Work order> Each record below should be output verbatim, without pictures.

(Beginning of Data for this task)

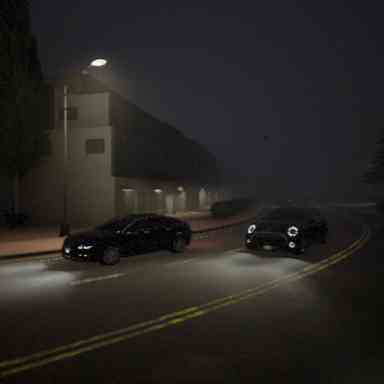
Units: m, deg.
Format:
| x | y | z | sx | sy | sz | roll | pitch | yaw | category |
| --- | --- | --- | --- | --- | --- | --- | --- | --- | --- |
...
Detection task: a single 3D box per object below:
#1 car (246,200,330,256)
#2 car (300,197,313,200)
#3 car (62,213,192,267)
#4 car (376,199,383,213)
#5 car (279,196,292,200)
| x | y | z | sx | sy | sz | roll | pitch | yaw | category |
| --- | --- | --- | --- | --- | --- | --- | --- | --- | --- |
| 4.002 | 1.381 | 13.550 | 2.097 | 1.767 | 4.553 | 0 | 0 | 37 | car |
| 20.028 | 1.619 | 58.448 | 1.837 | 1.490 | 4.892 | 0 | -1 | 15 | car |
| -2.091 | 1.549 | 11.851 | 1.837 | 1.490 | 4.892 | 0 | 0 | 44 | car |
| 20.997 | 1.386 | 35.061 | 2.097 | 1.767 | 4.553 | 0 | 0 | 16 | car |
| 16.276 | 1.471 | 58.052 | 2.097 | 1.767 | 4.553 | 0 | 0 | 16 | car |
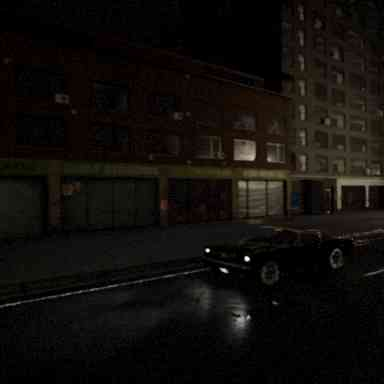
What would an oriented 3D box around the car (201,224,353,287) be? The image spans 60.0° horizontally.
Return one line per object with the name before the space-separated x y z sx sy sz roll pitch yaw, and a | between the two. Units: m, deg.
car | 2.580 1.635 9.590 4.718 1.301 1.895 0 0 -36
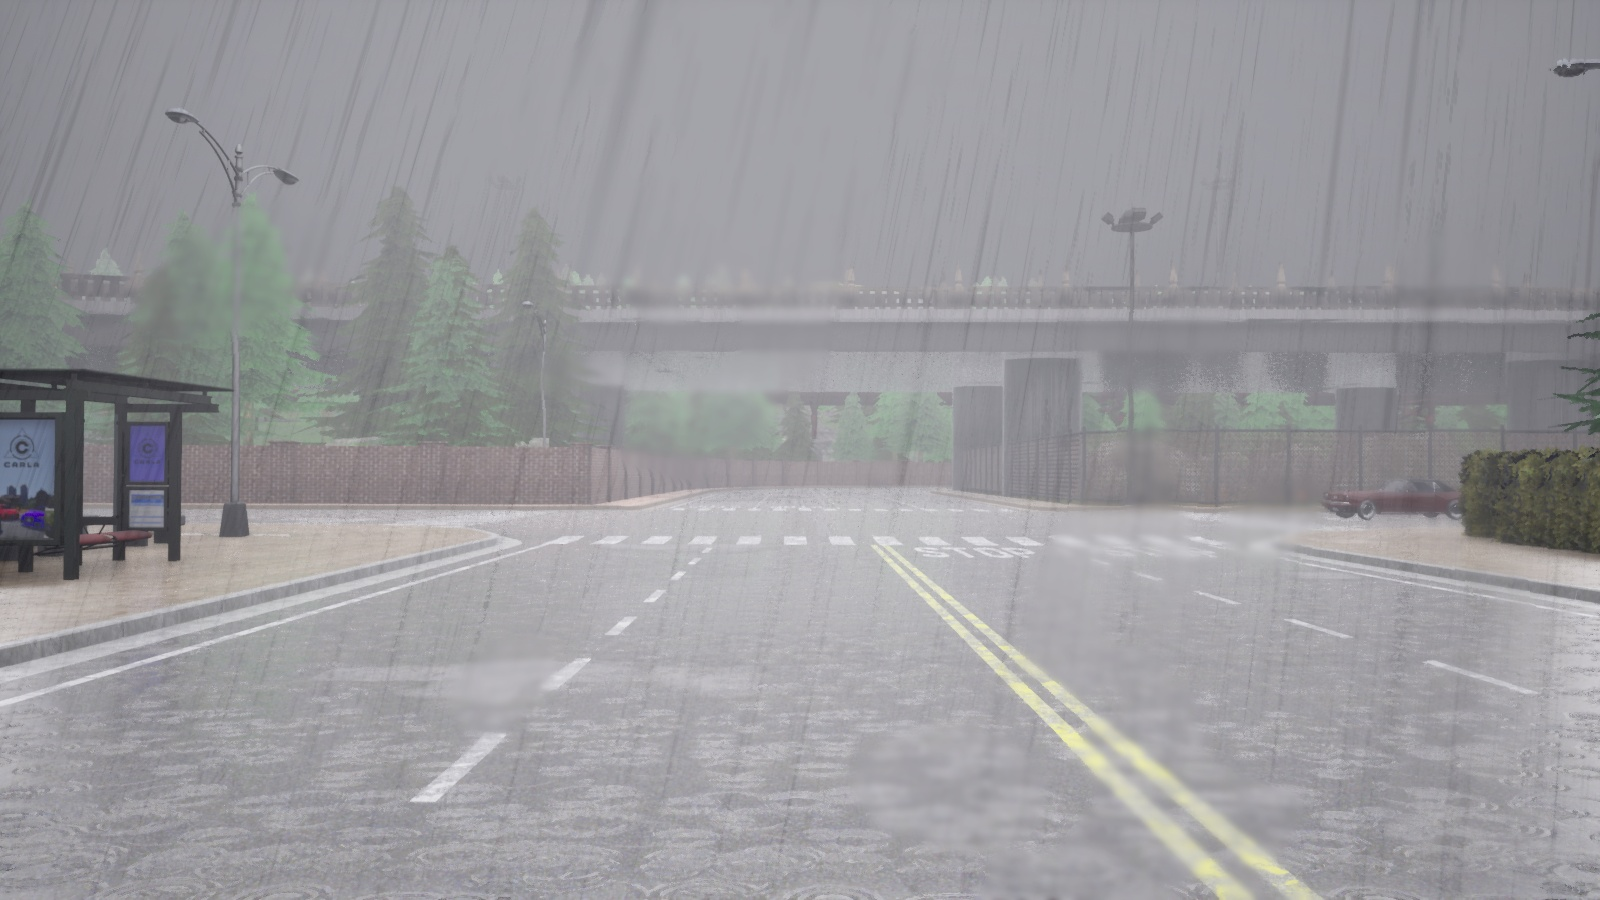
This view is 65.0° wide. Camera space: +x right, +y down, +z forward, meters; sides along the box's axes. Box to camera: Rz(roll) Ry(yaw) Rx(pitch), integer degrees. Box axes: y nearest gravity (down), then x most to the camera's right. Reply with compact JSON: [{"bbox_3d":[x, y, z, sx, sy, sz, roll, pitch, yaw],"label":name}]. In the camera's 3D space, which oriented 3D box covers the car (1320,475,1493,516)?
[{"bbox_3d":[19.692,1.466,40.901,4.718,1.301,1.895,0,-1,0],"label":"car"}]
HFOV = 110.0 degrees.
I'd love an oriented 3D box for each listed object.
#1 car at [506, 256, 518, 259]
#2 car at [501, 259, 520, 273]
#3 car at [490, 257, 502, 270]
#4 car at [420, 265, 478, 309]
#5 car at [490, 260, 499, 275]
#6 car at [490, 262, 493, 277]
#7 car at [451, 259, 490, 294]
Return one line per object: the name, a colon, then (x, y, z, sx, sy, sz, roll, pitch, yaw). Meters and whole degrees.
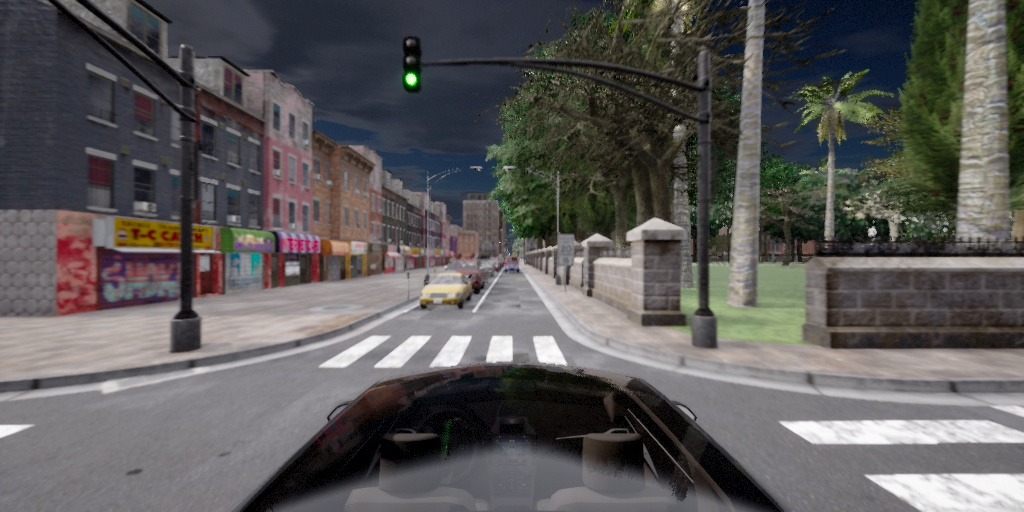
car: (-0.005, 1.063, 55.374, 2.150, 2.045, 5.566, 0, 0, 0)
car: (-0.004, 1.370, 44.904, 2.033, 1.411, 5.357, 0, 0, 0)
car: (-2.653, 1.263, 47.004, 1.967, 1.591, 4.097, 0, 0, 0)
car: (-2.653, 1.295, 15.216, 1.751, 1.417, 4.829, 0, 0, 0)
car: (-2.655, 1.355, 36.465, 2.007, 1.370, 4.403, 0, 0, 0)
car: (-2.657, 1.353, 25.924, 1.948, 1.339, 4.313, 0, 0, 0)
car: (-2.658, 1.093, 20.654, 2.192, 1.841, 5.009, 0, 0, 0)
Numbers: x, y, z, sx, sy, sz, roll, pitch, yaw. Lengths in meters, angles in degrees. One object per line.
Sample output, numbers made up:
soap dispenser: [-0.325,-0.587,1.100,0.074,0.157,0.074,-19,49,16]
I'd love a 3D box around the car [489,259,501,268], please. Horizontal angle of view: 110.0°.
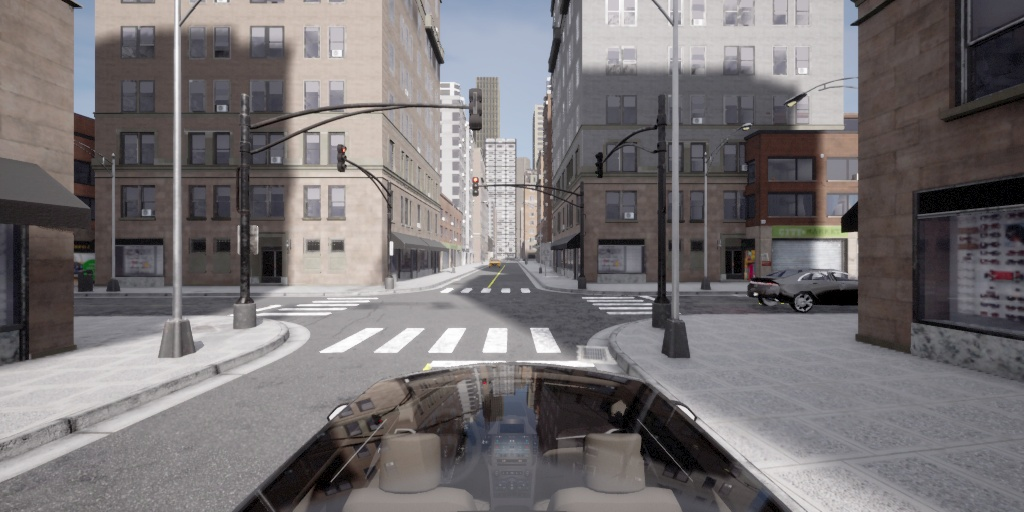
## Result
car: [-2.978,1.207,62.939,1.882,1.535,5.008,0,0,0]

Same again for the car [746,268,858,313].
car: [11.431,1.209,13.251,4.902,1.511,2.128,0,0,0]
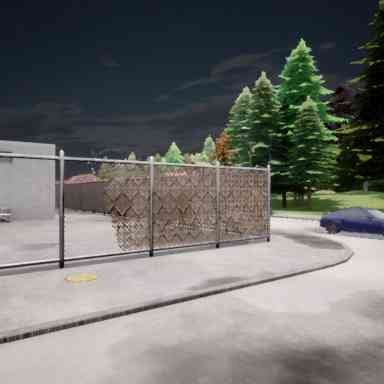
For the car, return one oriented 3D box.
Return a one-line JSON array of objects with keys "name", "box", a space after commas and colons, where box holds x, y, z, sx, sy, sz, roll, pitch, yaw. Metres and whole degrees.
[{"name": "car", "box": [8.823, 1.526, 16.917, 1.812, 1.442, 4.674, 0, 0, -38]}]
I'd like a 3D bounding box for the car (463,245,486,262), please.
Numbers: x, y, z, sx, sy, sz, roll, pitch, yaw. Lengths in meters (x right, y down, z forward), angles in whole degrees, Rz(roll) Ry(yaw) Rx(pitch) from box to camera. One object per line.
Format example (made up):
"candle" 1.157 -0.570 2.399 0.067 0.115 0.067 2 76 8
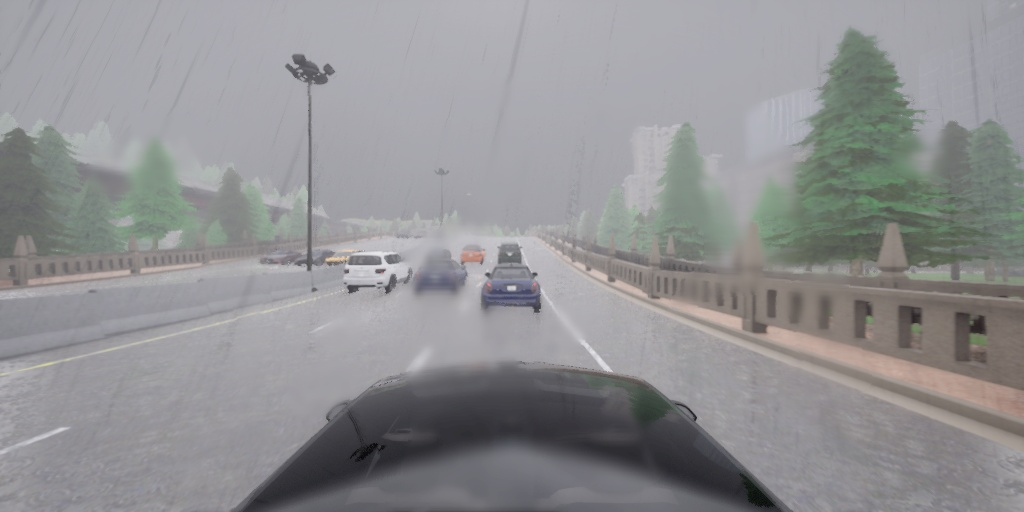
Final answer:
"car" -3.707 -0.260 35.037 2.097 1.767 4.553 0 6 -1

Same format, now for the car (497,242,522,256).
"car" -0.198 -0.312 34.291 2.150 2.045 5.566 0 6 -1

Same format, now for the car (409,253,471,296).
"car" -3.554 0.931 18.676 2.097 1.767 4.553 0 2 0

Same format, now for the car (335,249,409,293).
"car" -7.058 0.770 19.450 2.150 2.045 5.566 0 3 -1

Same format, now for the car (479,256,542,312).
"car" -0.022 1.072 14.325 2.097 1.767 4.553 0 1 0

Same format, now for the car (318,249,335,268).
"car" -14.365 0.236 31.175 1.882 1.535 5.008 0 5 -1

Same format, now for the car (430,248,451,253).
"car" -7.214 -0.129 35.818 1.994 1.385 4.181 0 6 -1

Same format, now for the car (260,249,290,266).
"car" -21.385 0.102 33.480 1.994 1.385 4.181 0 6 0

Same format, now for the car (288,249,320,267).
"car" -17.886 0.110 33.233 2.033 1.411 5.357 0 6 -1
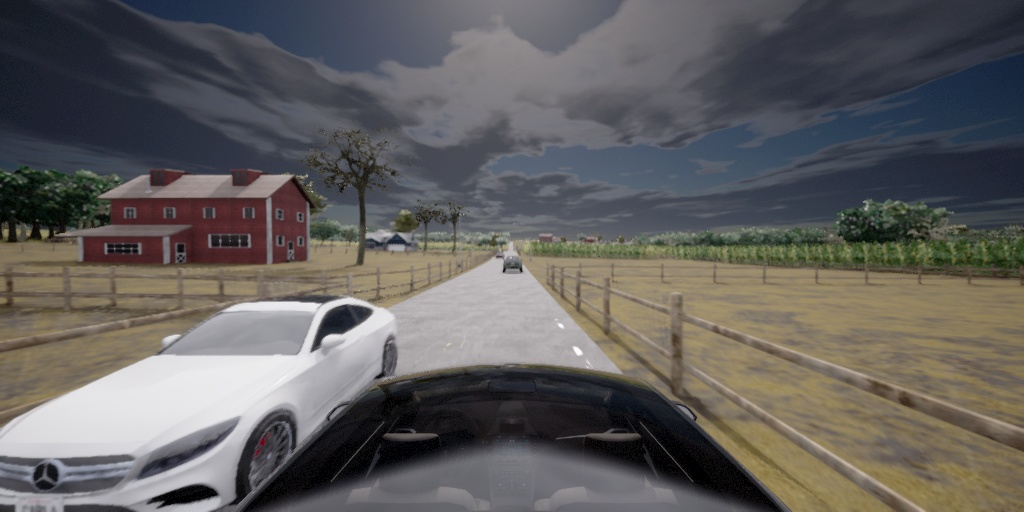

(End of Data for this task)

Output>
Units: m, deg.
Format:
| x | y | z | sx | sy | sz | roll | pitch | yaw | category |
| --- | --- | --- | --- | --- | --- | --- | --- | --- | --- |
...
Detection task: a single 3D box per object below:
#1 car (246,200,330,256)
#2 car (300,197,313,200)
#3 car (62,213,192,267)
#4 car (376,199,383,213)
#5 car (279,196,292,200)
| x | y | z | sx | sy | sz | roll | pitch | yaw | category |
| --- | --- | --- | --- | --- | --- | --- | --- | --- | --- |
| 4.002 | 1.381 | 13.550 | 2.097 | 1.767 | 4.553 | 0 | 0 | 37 | car |
| 20.028 | 1.619 | 58.448 | 1.837 | 1.490 | 4.892 | 0 | -1 | 15 | car |
| -2.091 | 1.549 | 11.851 | 1.837 | 1.490 | 4.892 | 0 | 0 | 44 | car |
| 20.997 | 1.386 | 35.061 | 2.097 | 1.767 | 4.553 | 0 | 0 | 16 | car |
| 16.276 | 1.471 | 58.052 | 2.097 | 1.767 | 4.553 | 0 | 0 | 16 | car |
What would an oriented 3D box around the car (201,224,353,287) be? The image spans 60.0° horizontally.
Return one line per object with the name before the space-separated x y z sx sy sz roll pitch yaw, and a | between the two. Units: m, deg.
car | 2.580 1.635 9.590 4.718 1.301 1.895 0 0 -36
This view is 65.0° wide. Camera space: +x right, +y down, +z forward, meters; sides along the box's axes. Box to camera: Rz(roll) Ry(yaw) Rx(pitch), integer degrees. Box axes: y nearest gravity (down), then x most to the camera's right. Reply with compact JSON: [{"bbox_3d":[x, y, z, sx, sy, sz, roll, pitch, yaw],"label":name}]. In the camera's 3D space, which oriented 3D box covers the car (1320,475,1493,516)?
[{"bbox_3d":[19.692,1.466,40.901,4.718,1.301,1.895,0,-1,0],"label":"car"}]
HFOV = 110.0 degrees.
I'd love an oriented 3D box for each listed object.
#1 car at [506, 256, 518, 259]
#2 car at [501, 259, 520, 273]
#3 car at [490, 257, 502, 270]
#4 car at [420, 265, 478, 309]
#5 car at [490, 260, 499, 275]
#6 car at [490, 262, 493, 277]
#7 car at [451, 259, 490, 294]
Return one line per object: the name, a colon, then (x, y, z, sx, sy, sz, roll, pitch, yaw). Meters and whole degrees.
car: (-0.005, 1.063, 55.374, 2.150, 2.045, 5.566, 0, 0, 0)
car: (-0.004, 1.370, 44.904, 2.033, 1.411, 5.357, 0, 0, 0)
car: (-2.653, 1.263, 47.004, 1.967, 1.591, 4.097, 0, 0, 0)
car: (-2.653, 1.295, 15.216, 1.751, 1.417, 4.829, 0, 0, 0)
car: (-2.655, 1.355, 36.465, 2.007, 1.370, 4.403, 0, 0, 0)
car: (-2.657, 1.353, 25.924, 1.948, 1.339, 4.313, 0, 0, 0)
car: (-2.658, 1.093, 20.654, 2.192, 1.841, 5.009, 0, 0, 0)
Numbers: x, y, z, sx, sy, sz, roll, pitch, yaw. Lengths in meters, angles in degrees. One object per line.
Sample output, numbers made up:
soap dispenser: [-0.325,-0.587,1.100,0.074,0.157,0.074,-19,49,16]
I'd love a 3D box around the car [489,259,501,268], please. Horizontal angle of view: 110.0°.
## Result
car: [-2.978,1.207,62.939,1.882,1.535,5.008,0,0,0]

Same again for the car [746,268,858,313].
car: [11.431,1.209,13.251,4.902,1.511,2.128,0,0,0]
For the car, return one oriented 3D box.
Return a one-line JSON array of objects with keys "name", "box", a space after commas and colons, where box holds x, y, z, sx, sy, sz, roll, pitch, yaw. Metres and whole degrees.
[{"name": "car", "box": [8.823, 1.526, 16.917, 1.812, 1.442, 4.674, 0, 0, -38]}]
I'd like a 3D bounding box for the car (463,245,486,262), please.
Numbers: x, y, z, sx, sy, sz, roll, pitch, yaw. Lengths in meters (x right, y down, z forward), angles in whole degrees, Rz(roll) Ry(yaw) Rx(pitch) from box to camera. One object per line.
Format example (made up):
"candle" 1.157 -0.570 2.399 0.067 0.115 0.067 2 76 8
Final answer:
"car" -3.707 -0.260 35.037 2.097 1.767 4.553 0 6 -1

Same format, now for the car (497,242,522,256).
"car" -0.198 -0.312 34.291 2.150 2.045 5.566 0 6 -1

Same format, now for the car (409,253,471,296).
"car" -3.554 0.931 18.676 2.097 1.767 4.553 0 2 0

Same format, now for the car (335,249,409,293).
"car" -7.058 0.770 19.450 2.150 2.045 5.566 0 3 -1

Same format, now for the car (479,256,542,312).
"car" -0.022 1.072 14.325 2.097 1.767 4.553 0 1 0

Same format, now for the car (318,249,335,268).
"car" -14.365 0.236 31.175 1.882 1.535 5.008 0 5 -1

Same format, now for the car (430,248,451,253).
"car" -7.214 -0.129 35.818 1.994 1.385 4.181 0 6 -1

Same format, now for the car (260,249,290,266).
"car" -21.385 0.102 33.480 1.994 1.385 4.181 0 6 0

Same format, now for the car (288,249,320,267).
"car" -17.886 0.110 33.233 2.033 1.411 5.357 0 6 -1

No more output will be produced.